Súmula 497 do STF: “Quando se tratar de crime continuado, a prescrição regula-se pela pena imposta na sentença, não se computando o acréscimo decorrente da continuação.” Portanto, para verificação do prazo prescricional, se considera a pena aplicada a cada fato individual e não a pena aplicada em razão do aumento derivado do crime continuado. No mesmo sentido: art. 119 do Código Penal.

16.1. CONCEITO

Pena é a consequência jurídica da prática de um crime, imposta pelo Estado. Consiste na restrição de bens jurídicos do autor do crime em resposta à sua ofensa a um bem jurídico de grande valor social.

O sistema de penas em vigor no Brasil tem por base os incisos XLVI e XLVII do art. 5.º da Constituição Federal, que elencam, respectivamente, as penas permitidas e proibidas no país. São proibidas as penas de morte, salvo em caso de guerra declarada (art. 84, XIX), as de caráter perpétuo, as de trabalhos forçados, a de banimento e as penas cruéis, ou seja, aquelas cuja imposição e execução trazem requintes de desumanidade. Ademais, as penas impostas não podem agredir a dignidade da pessoa humana (art. 1.º, III, CF).

São permitidas, no direito penal brasileiro, as penas de privação ou restrição de liberdade, a perda de bens, a multa, a prestação social alternativa e a suspensão ou interdição de direitos. Embora não esteja explícita, há uma hierarquia entre elas, tendo em vista a importância do bem jurídico protegido (reclusão, detenção, prisão simples, restritivas de direitos e multa).

Em alguns casos, a sanção aplicável a quem praticou fato típico e ilícito não será uma pena, mas uma medida de segurança, de acordo com o sistema vicariante trazido pela Reforma Penal de 1984, conforme se verá abaixo.

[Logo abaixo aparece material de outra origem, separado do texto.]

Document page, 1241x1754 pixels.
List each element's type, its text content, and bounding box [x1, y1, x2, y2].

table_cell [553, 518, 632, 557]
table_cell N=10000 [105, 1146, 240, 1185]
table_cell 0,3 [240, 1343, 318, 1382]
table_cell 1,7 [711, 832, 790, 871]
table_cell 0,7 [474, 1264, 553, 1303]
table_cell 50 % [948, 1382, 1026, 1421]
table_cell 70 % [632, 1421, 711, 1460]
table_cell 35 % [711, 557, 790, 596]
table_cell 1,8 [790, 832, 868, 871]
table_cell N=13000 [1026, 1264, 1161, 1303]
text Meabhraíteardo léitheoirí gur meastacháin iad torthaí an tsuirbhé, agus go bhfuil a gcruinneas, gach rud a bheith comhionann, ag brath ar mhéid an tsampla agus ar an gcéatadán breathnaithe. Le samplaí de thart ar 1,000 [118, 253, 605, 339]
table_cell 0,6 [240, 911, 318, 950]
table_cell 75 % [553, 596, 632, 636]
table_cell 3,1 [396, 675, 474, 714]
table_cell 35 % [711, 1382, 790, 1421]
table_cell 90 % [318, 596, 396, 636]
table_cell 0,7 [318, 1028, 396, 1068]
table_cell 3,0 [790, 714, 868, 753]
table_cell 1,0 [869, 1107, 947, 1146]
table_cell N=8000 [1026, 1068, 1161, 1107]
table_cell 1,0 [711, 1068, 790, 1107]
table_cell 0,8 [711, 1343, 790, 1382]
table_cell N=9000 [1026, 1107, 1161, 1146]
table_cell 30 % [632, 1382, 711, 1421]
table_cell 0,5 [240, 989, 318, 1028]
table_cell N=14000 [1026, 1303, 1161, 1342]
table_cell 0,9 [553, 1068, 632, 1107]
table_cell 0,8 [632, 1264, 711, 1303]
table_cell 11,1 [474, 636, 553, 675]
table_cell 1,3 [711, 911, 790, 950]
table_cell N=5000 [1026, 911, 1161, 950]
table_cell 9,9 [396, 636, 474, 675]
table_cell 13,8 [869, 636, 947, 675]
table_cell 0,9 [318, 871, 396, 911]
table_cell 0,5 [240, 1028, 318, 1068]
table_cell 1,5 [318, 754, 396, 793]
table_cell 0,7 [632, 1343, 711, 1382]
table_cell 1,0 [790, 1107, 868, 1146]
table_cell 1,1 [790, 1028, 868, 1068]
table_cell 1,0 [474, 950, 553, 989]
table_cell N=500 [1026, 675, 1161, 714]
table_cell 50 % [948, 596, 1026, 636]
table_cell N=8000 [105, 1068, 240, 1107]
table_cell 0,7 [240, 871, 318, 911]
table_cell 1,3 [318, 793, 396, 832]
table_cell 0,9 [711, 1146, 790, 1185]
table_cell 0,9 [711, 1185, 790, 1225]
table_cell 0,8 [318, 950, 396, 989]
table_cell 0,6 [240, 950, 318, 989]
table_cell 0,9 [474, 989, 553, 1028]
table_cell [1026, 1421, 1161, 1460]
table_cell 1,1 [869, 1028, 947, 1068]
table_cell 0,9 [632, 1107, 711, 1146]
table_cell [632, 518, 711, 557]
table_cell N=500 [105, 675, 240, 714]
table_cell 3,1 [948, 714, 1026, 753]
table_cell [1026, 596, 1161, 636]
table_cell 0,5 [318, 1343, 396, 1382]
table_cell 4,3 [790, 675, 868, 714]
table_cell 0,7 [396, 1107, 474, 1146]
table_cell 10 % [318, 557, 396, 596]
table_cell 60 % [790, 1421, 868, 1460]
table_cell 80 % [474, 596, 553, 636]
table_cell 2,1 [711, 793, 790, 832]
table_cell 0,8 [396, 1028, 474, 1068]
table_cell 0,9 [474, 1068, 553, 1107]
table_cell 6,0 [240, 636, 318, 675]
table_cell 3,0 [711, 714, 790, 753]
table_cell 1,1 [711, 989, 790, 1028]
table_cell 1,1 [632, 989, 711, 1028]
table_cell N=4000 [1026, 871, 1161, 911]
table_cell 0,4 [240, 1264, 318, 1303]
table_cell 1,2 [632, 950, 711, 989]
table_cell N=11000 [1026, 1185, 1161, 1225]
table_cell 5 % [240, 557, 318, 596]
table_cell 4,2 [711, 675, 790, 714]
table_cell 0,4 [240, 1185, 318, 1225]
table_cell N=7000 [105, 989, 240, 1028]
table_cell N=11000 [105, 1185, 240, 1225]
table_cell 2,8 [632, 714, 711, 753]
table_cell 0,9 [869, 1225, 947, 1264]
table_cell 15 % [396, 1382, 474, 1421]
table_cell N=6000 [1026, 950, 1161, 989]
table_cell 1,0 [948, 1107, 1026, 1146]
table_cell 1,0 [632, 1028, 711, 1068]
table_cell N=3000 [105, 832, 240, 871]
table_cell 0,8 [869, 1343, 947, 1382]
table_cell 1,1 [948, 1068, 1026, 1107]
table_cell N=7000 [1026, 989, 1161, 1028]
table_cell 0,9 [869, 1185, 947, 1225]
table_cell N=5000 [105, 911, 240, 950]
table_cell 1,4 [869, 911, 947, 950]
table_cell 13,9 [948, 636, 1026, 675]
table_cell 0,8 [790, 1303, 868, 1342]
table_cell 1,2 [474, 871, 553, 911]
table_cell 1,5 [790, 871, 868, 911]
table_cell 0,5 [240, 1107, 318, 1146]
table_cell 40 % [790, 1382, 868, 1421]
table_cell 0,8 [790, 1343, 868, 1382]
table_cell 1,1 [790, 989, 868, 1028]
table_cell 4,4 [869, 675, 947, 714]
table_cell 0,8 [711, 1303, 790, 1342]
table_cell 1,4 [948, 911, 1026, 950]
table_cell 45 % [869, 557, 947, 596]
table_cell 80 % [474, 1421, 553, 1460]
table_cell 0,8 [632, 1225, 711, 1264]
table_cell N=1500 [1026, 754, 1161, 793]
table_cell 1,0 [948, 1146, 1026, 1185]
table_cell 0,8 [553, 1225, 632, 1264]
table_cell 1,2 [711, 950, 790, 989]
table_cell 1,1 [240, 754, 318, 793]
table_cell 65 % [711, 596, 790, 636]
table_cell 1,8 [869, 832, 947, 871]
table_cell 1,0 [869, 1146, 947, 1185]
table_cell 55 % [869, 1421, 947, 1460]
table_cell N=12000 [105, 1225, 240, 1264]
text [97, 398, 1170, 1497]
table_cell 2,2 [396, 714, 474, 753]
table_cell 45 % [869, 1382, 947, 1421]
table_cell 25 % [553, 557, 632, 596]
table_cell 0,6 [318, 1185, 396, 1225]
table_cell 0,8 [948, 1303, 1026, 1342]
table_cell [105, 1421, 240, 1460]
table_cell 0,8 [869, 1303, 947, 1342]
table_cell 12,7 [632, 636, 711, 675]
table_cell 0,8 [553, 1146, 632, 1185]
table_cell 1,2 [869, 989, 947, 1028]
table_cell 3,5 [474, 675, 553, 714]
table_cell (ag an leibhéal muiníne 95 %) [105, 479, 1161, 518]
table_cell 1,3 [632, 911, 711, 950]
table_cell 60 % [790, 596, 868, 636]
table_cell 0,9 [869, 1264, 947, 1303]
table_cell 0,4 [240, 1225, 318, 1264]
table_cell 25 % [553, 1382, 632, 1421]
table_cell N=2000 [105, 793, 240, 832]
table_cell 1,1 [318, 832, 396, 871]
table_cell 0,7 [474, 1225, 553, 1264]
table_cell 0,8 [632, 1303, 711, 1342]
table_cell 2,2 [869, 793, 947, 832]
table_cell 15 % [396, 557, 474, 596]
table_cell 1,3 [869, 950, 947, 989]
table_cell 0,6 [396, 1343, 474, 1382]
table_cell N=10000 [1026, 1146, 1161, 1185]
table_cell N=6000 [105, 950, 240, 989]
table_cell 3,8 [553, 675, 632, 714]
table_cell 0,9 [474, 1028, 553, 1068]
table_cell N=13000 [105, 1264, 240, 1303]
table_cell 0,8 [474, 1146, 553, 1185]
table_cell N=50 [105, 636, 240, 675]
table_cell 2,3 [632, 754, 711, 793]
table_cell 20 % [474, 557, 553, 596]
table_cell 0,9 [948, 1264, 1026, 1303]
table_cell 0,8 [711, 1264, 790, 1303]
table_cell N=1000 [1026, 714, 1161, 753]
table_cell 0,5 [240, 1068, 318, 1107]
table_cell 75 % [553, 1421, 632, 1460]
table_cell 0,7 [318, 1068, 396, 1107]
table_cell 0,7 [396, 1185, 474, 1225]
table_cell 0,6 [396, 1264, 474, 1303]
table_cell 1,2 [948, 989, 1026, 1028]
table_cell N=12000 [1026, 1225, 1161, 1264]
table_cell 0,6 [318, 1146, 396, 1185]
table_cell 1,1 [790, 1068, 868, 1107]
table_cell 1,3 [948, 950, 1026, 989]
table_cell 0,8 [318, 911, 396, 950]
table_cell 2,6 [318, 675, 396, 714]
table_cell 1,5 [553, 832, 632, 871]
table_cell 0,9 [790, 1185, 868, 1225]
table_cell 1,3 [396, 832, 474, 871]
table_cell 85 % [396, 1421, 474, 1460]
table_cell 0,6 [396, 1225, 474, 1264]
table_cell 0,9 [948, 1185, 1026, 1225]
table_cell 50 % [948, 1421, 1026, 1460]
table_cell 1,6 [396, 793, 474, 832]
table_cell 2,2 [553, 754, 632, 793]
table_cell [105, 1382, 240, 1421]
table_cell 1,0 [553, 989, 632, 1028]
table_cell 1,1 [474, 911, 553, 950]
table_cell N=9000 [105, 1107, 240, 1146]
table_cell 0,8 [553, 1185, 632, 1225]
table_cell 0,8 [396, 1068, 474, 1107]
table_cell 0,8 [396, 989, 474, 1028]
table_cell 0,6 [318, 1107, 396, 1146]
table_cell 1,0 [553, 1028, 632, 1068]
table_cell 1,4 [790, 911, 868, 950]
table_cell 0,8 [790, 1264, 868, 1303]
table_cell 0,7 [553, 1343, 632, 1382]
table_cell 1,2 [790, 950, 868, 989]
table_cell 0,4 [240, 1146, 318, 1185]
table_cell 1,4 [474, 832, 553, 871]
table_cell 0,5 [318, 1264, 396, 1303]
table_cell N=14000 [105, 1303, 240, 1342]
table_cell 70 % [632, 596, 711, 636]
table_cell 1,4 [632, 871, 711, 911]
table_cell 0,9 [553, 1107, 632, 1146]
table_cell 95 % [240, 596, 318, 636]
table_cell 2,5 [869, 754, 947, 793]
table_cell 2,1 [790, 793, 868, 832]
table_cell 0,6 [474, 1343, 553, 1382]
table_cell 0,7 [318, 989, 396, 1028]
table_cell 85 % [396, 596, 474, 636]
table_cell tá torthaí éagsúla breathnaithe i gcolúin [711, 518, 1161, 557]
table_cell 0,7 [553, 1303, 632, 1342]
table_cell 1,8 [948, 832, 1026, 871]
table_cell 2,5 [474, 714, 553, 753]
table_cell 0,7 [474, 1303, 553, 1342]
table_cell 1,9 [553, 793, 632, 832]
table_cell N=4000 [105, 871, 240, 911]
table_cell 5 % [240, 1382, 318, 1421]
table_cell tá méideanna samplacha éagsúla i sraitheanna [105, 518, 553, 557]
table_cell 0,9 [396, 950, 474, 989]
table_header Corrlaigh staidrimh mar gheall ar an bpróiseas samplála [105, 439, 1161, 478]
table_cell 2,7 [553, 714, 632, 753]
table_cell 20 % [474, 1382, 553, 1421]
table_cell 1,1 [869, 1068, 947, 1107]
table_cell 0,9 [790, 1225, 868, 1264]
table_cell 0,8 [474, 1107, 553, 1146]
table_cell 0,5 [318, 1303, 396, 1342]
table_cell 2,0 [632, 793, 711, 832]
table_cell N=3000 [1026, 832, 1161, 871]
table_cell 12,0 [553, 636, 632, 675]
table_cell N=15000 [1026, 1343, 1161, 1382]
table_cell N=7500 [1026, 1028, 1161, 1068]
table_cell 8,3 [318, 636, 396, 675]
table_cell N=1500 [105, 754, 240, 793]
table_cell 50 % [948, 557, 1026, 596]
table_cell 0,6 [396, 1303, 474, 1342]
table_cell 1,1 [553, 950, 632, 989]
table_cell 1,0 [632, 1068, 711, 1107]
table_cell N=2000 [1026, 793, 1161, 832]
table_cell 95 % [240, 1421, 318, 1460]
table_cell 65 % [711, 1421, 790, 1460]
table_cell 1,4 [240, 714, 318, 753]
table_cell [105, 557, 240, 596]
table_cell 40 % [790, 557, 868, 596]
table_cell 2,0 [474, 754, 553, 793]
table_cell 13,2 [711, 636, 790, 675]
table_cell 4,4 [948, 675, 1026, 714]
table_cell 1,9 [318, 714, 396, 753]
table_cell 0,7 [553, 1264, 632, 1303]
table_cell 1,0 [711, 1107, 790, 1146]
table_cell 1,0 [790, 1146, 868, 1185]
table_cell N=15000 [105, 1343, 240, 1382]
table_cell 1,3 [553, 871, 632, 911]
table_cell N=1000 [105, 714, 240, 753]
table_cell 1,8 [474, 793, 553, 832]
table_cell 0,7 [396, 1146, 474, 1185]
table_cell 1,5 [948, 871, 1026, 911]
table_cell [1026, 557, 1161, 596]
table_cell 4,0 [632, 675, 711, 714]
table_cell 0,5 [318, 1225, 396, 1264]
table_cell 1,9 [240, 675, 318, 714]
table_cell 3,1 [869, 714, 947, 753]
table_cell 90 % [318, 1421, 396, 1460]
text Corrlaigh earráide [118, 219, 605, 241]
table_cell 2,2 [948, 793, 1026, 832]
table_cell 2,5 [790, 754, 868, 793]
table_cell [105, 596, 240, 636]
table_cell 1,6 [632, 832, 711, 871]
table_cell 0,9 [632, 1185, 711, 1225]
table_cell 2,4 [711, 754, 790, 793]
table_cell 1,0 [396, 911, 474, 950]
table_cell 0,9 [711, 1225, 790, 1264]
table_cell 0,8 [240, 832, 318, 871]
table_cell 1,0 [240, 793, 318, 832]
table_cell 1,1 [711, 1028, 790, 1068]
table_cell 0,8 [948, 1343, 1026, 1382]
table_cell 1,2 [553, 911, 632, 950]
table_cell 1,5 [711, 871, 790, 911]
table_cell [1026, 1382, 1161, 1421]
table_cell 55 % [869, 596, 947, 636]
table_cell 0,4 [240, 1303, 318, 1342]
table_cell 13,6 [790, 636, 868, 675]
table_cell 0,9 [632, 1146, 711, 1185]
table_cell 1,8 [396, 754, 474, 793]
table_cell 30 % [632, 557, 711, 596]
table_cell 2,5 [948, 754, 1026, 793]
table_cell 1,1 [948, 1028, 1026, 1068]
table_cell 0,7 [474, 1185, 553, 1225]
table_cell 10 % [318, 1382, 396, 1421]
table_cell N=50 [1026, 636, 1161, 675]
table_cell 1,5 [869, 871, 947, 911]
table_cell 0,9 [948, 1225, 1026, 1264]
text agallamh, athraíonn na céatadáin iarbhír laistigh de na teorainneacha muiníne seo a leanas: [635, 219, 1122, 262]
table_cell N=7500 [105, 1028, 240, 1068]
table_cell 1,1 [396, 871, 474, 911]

16.2. TEORIAS DA PENA OU TEORIAS SOBRE OS FINS DA PENA

A questão dos fins da pena, do que se pretende com a aplicação da pena, está indissociavelmente ligada aos fins do próprio direito penal e de premissas valorativas e políticas sobre os próprios fins do Estado.

16.2.1. TEORIAS ABSOLUTAS OU RETRIBUTIVAS

A pena não tem uma finalidade distinta da punição do criminoso. Trata-se de uma retribuição, expiação, reparação ou compensação, por questão de justiça, do mal que é o crime por meio da aplicação da sanção penal. Ao mal do crime, que é a negação do direito, corresponde o mal da pena, que deve ser proporcional à culpabilidade do agente, sendo este seu principal mérito, ao estabelecer um limite para a pena, até então ilimitada. A teoria absoluta da pena foi defendida, entre outros, por Kant e Hegel.

Contra tais teorias pesa a crítica de que a pena não pode ser vista como um fim em si mesma, pois trata-se de um meio para alcançar uma finalidade maior. Além disso, contrariam o princípio da subsidiariedade do Direito Penal e estarem vinculadas a uma ordem absoluta de valores incompatível com sociedades plurais e democráticas.